▸ Work item: Transcribe each line below verbatim; pictures excluded.
********
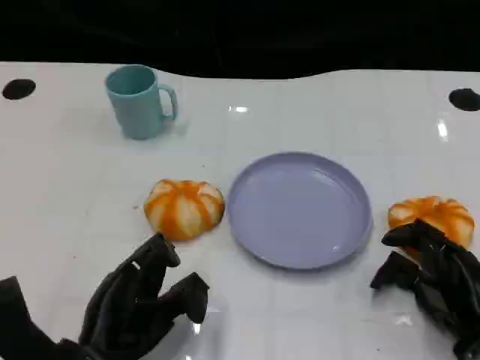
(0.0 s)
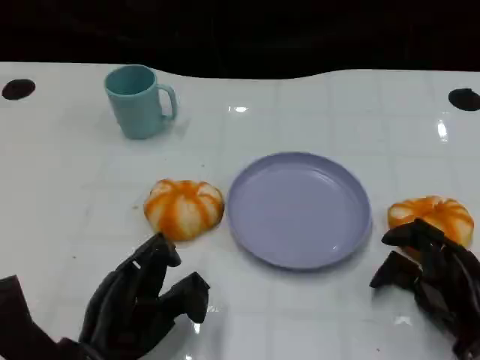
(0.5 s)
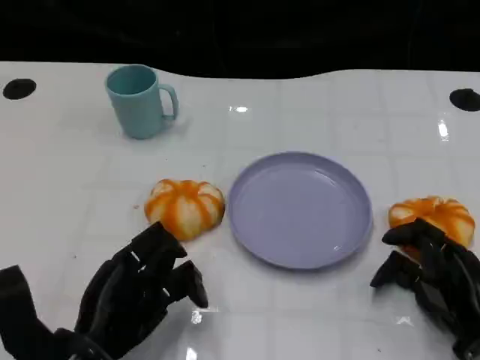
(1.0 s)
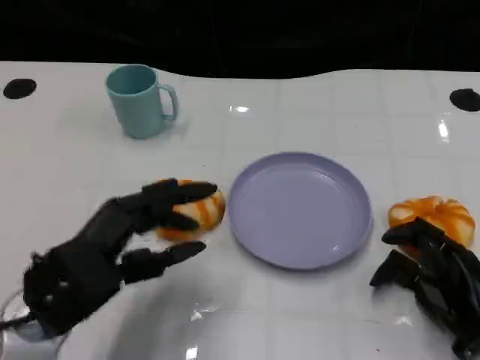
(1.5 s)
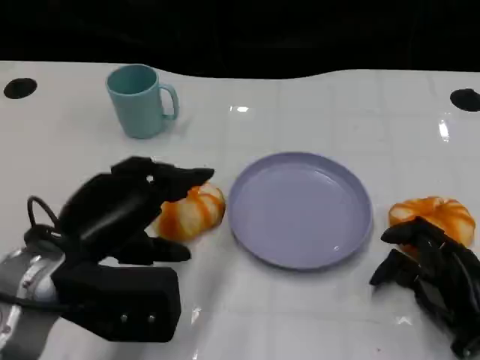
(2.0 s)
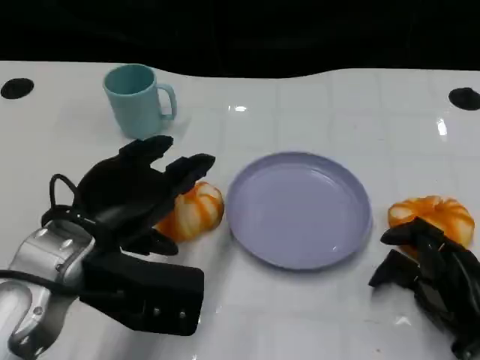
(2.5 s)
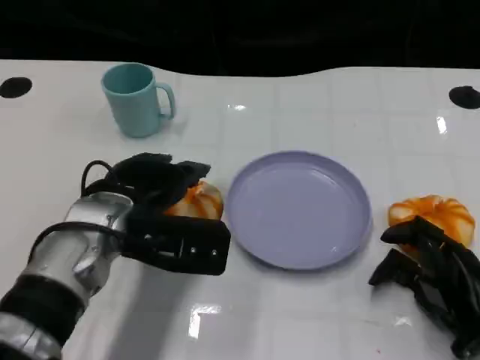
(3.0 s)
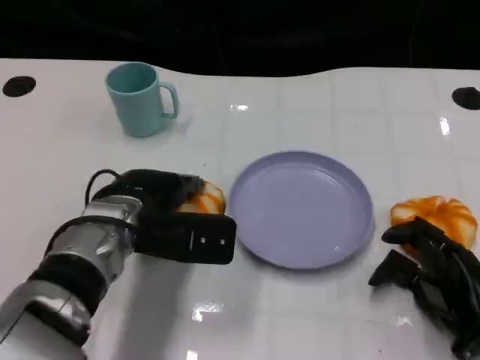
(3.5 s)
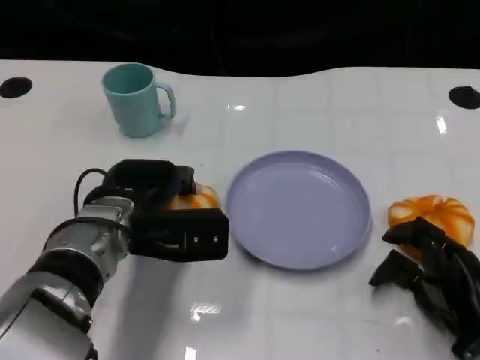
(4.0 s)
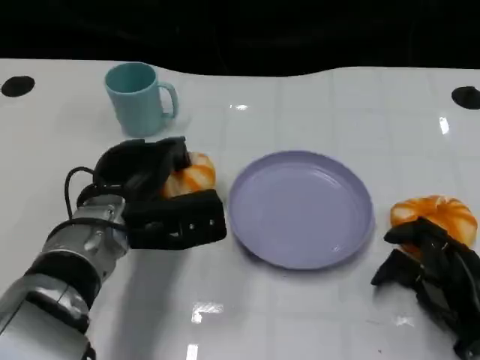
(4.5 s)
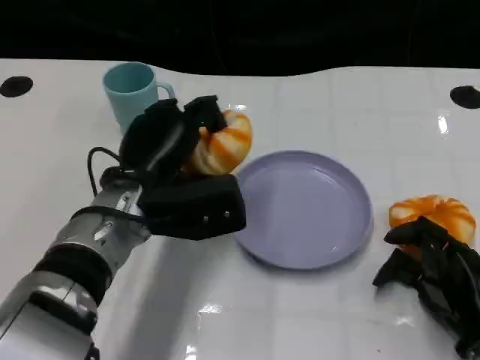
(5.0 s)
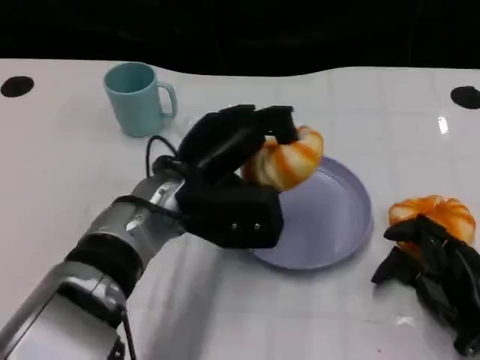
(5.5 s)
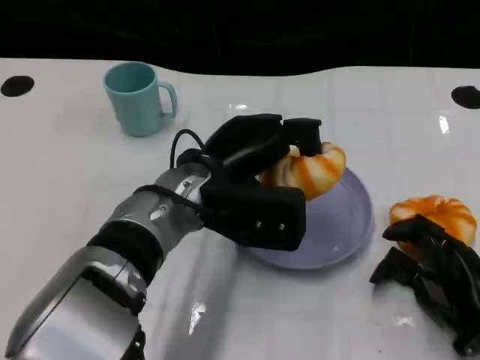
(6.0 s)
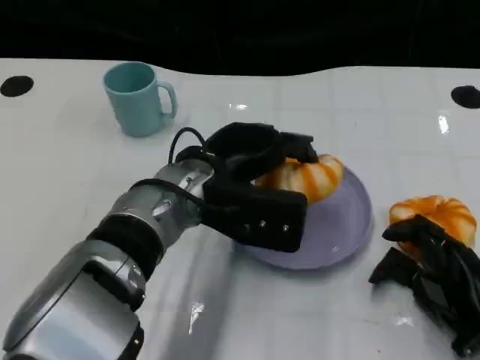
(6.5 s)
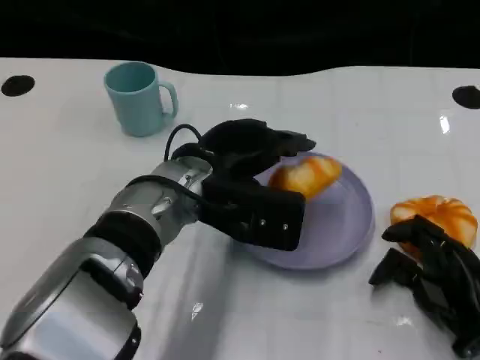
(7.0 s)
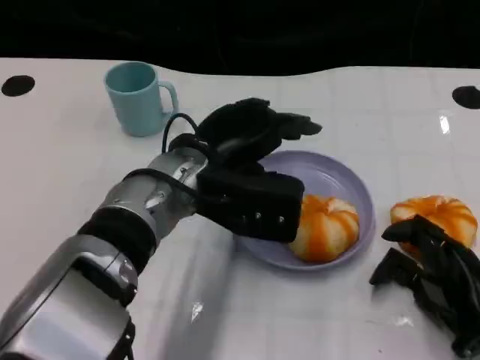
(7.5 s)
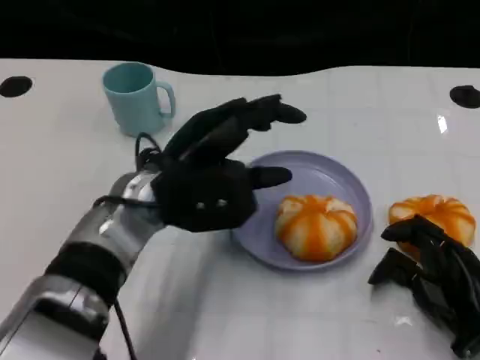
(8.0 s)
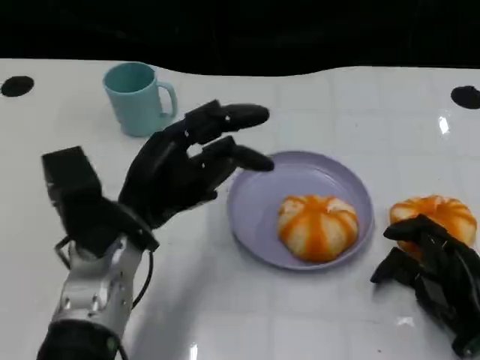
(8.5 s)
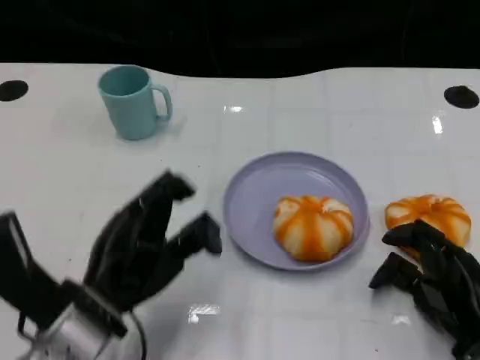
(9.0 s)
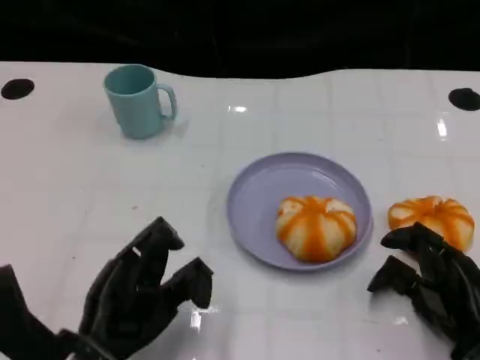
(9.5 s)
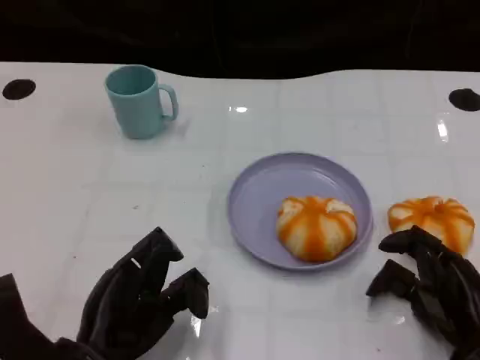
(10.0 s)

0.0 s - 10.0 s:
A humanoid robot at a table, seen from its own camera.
Task of the whole recording: Grasp the bread from the table and place it into the plate.
0.0 s - 2.0 s: The left hand goes some 10 cm upward and forward.
2.0 s - 4.0 s: The left hand shifts some 10 cm forward, downward and to the right.
4.0 s - 6.0 s: The left hand shifts approximately 10 cm to the right.
8.0 s - 10.0 s: The left hand shifts some 15 cm backward, downward and to the left.
********
▸ Exercise result:
(0.0 s)
(0.5 s)
(1.0 s)
(1.5 s)
(2.0 s)
(2.5 s)
(3.0 s)
(3.5 s)
(4.0 s)
(4.5 s)
(5.0 s)
(5.5 s)
(6.0 s)
(6.5 s)
(7.0 s)
(7.5 s)
(8.0 s)
(8.5 s)
(9.0 s)
(9.5 s)
(10.0 s)

0.0 s - 10.0 s:
A humanoid robot at a table, seen from its own camera.
Task of the whole recording: Grasp the bread from the table and place it into the plate.
0.0 s - 2.0 s: The left hand goes some 10 cm upward and forward.
2.0 s - 4.0 s: The left hand shifts some 10 cm forward, downward and to the right.
4.0 s - 6.0 s: The left hand shifts approximately 10 cm to the right.
8.0 s - 10.0 s: The left hand shifts some 15 cm backward, downward and to the left.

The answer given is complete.